Fig. 6. HOTAIR matching with target RNA promotes PRC2 activity.

(A) Native PAGE of RNA annealing titration with HOTAIR fragments and either JAM2 or HOXD10 matching RNAs. (B) RNA-RNA interaction between HOTAIR and JAM2 predicted by IntaRNA (50). HMTase assay performed with recombinant PRC2, dinucleosomes, HOTAIR fragment (62 nt), and JAM2 match (54 nt) titration.

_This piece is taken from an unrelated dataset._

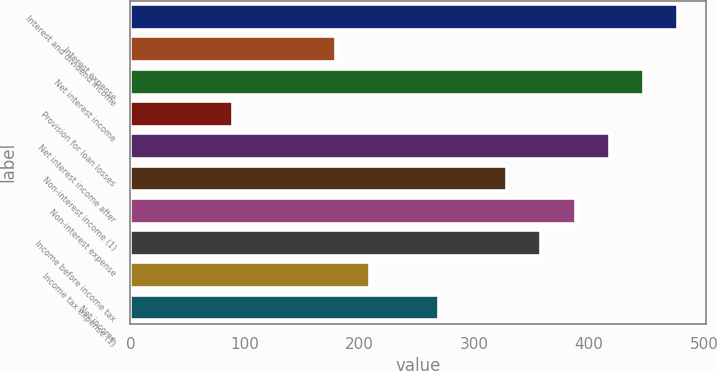<chart> <loc_0><loc_0><loc_500><loc_500><bar_chart><fcel>Interest and dividend income<fcel>Interest expense<fcel>Net interest income<fcel>Provision for loan losses<fcel>Net interest income after<fcel>Non-interest income (1)<fcel>Non-interest expense<fcel>Income before income tax<fcel>Income tax expense (1)<fcel>Net income<nl><fcel>477.77<fcel>179.27<fcel>447.92<fcel>89.72<fcel>418.07<fcel>328.52<fcel>388.22<fcel>358.37<fcel>209.12<fcel>268.82<nl></chart> 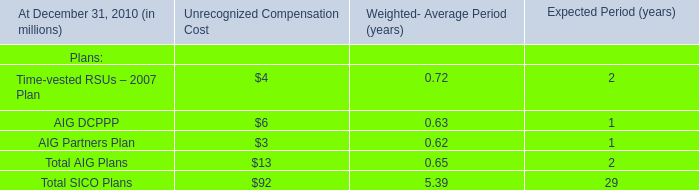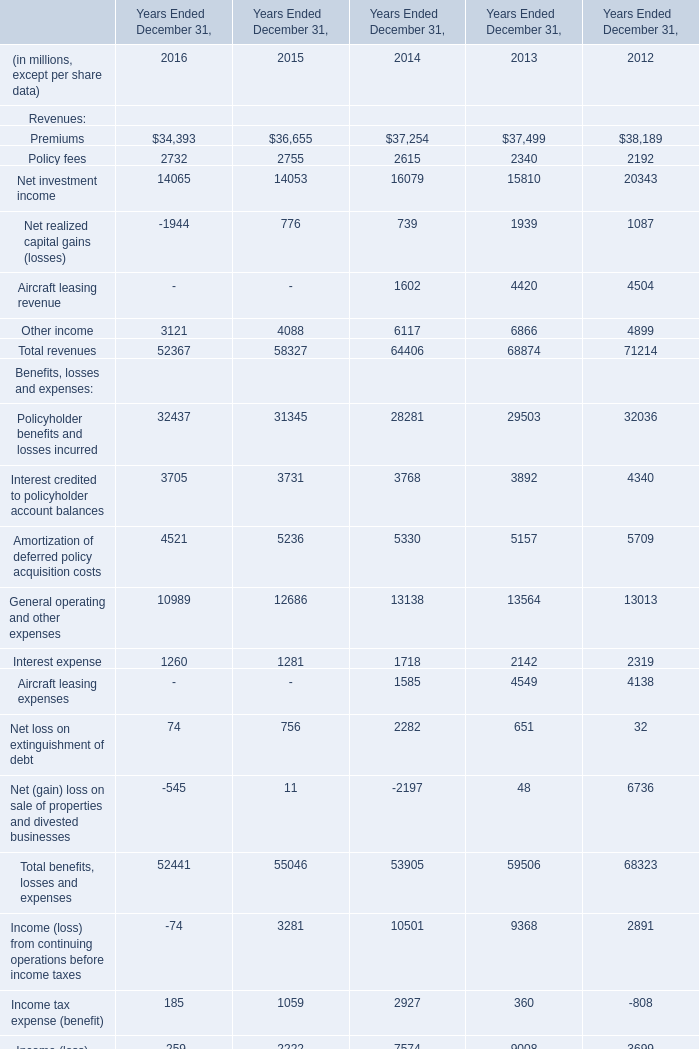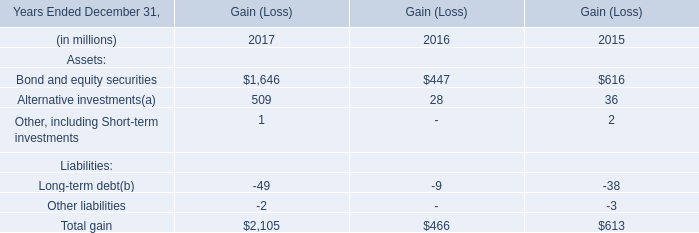What's the average of Policy fees in 2016, 2015, and 2014? (in million) 
Computations: (((2732 + 2755) + 2615) / 3)
Answer: 2700.66667.

PRC2 activity was determined by H3K27me3 and total H3 by Western blot. (C) Quantification of (B) (n = 3). (D) IntaRNA result of HOTAIR and HOXD10. HMTase as in (B) with HOTAIR fragment (31 nt) HOXD10 match (37 nt) titration. (E) Quantification of (D) (n = 5). (F) As in (D), with poly(A) instead of HOXD10 (n = 4). (G) HMTase as above with HOTAIR domain 1 (nucleotides 1 to 530) and JAM2 match (62 nt) titration. (H) Quantification of (G) (n = 3). (I) As in (G), except using HOTAIR with JAM2 match site deleted “HOTAIR D1_del.” (J) As in (G), except with the addition of hnRNP B1. (K) Quantification of (J) (n = 3). (C, E, F, H, I, and K) Percent relief of inhibition is normalized to H3 signal and relative to no RNA and described as percent relief from HOTAIR-only reaction. Error bars represent SDs. P values were determined using unpaired t tests with a 95% confidence interval.

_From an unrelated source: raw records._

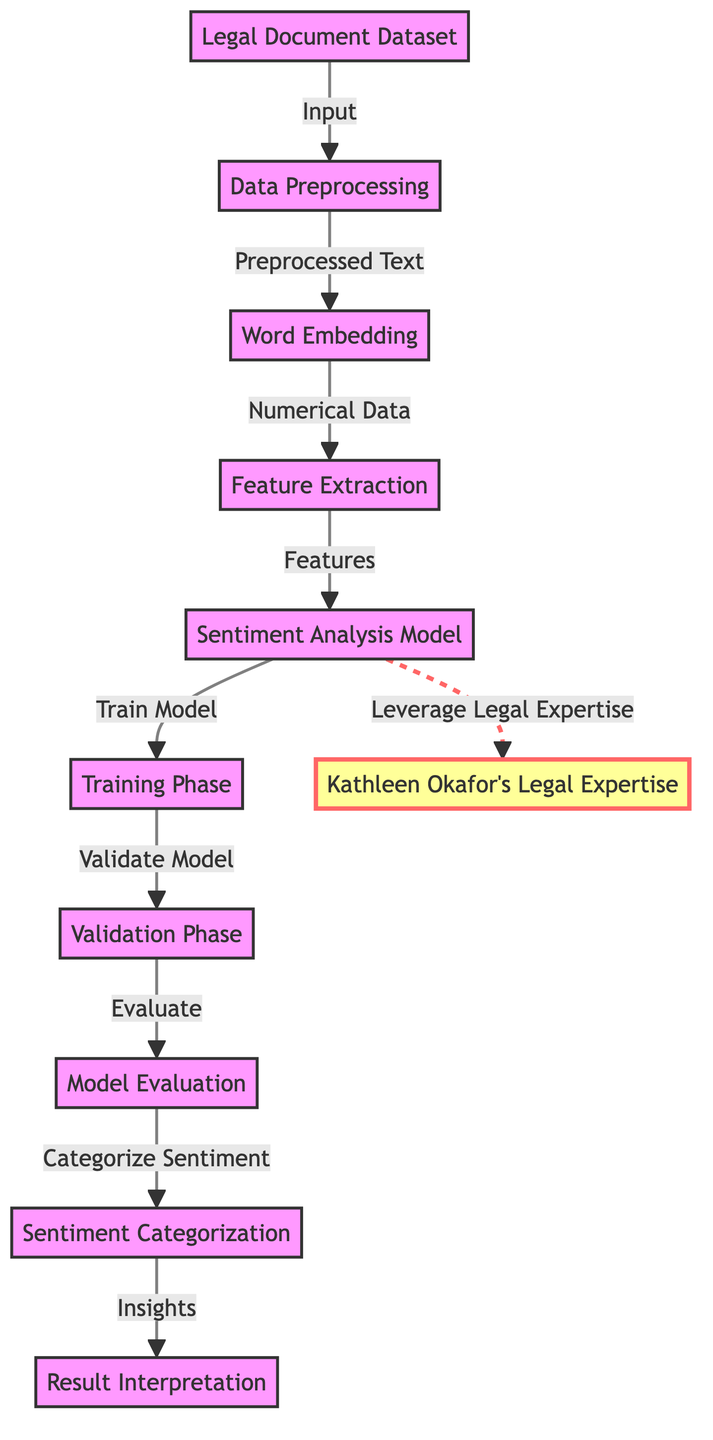What is the starting point of the diagram? The diagram begins with the "Legal Document Dataset" node, which is the first element in the flowchart. This indicates that the process starts with this dataset.
Answer: Legal Document Dataset How many main phases are represented in the diagram? There are four main phases in the diagram: Data Preprocessing, Sentiment Analysis Model, Training Phase, and Validation Phase, which can be counted from the nodes.
Answer: Four What follows after Data Preprocessing in the flowchart? After "Data Preprocessing", the next node in the flowchart is "Word Embedding". This shows the direct flow from preprocessing to embedding.
Answer: Word Embedding What does the "Sentiment Analysis Model" node connect to directly? The "Sentiment Analysis Model" node connects directly to the "Training Phase" node. This shows the flow of operations from the model to the training of that model.
Answer: Training Phase Which node represents the final output of the sentiment analysis process? The final output of the sentiment analysis process is represented by the "Result Interpretation" node, as it highlights the insights gained from categorizing the sentiment.
Answer: Result Interpretation What relationship exists between the "Sentiment Analysis Model" and "Kathleen Okafor's Legal Expertise"? The relationship is a dashed line indicating that the "Sentiment Analysis Model" leverages "Kathleen Okafor's Legal Expertise". This suggests that her expertise is not directly part of the model but enhances its outcomes.
Answer: Leverage Legal Expertise What kind of data is produced by the "Word Embedding" node? The "Word Embedding" node produces "Numerical Data", referring to the transformation of text into a numerical format for further analysis.
Answer: Numerical Data In which phase is the model validated? The model is validated during the "Validation Phase", which directly follows the "Training Phase". This indicates a sequential approach where validation occurs after training.
Answer: Validation Phase What are the insights derived from the emotion categorization phase? The insights are derived from the "Result Interpretation" node, which signifies the culmination of the sentiment analysis process by interpreting the categorized results.
Answer: Insights

Fig. 7. Model for HOTAIR-mediated chromatin silencing via intermolecular RNA-RNA interactions.

Binding of PRC2 to single-stranded regions of HOTAIR inhibits enzymatic activity. B1 promotes RNA-RNA matching of HOTAIR with target nascent RNA via bridging of the RNAs and conformational changes in the lncRNA to promote intermolecular base pairing. B1 dissociates from the RNAs, promoting a conformation that may reduce PRC2 affinity for those RNAs through formation of the dsRNA match, thereby increasing PRC2 interaction with chromatin, leading to H3K27me3 and transcriptional repression.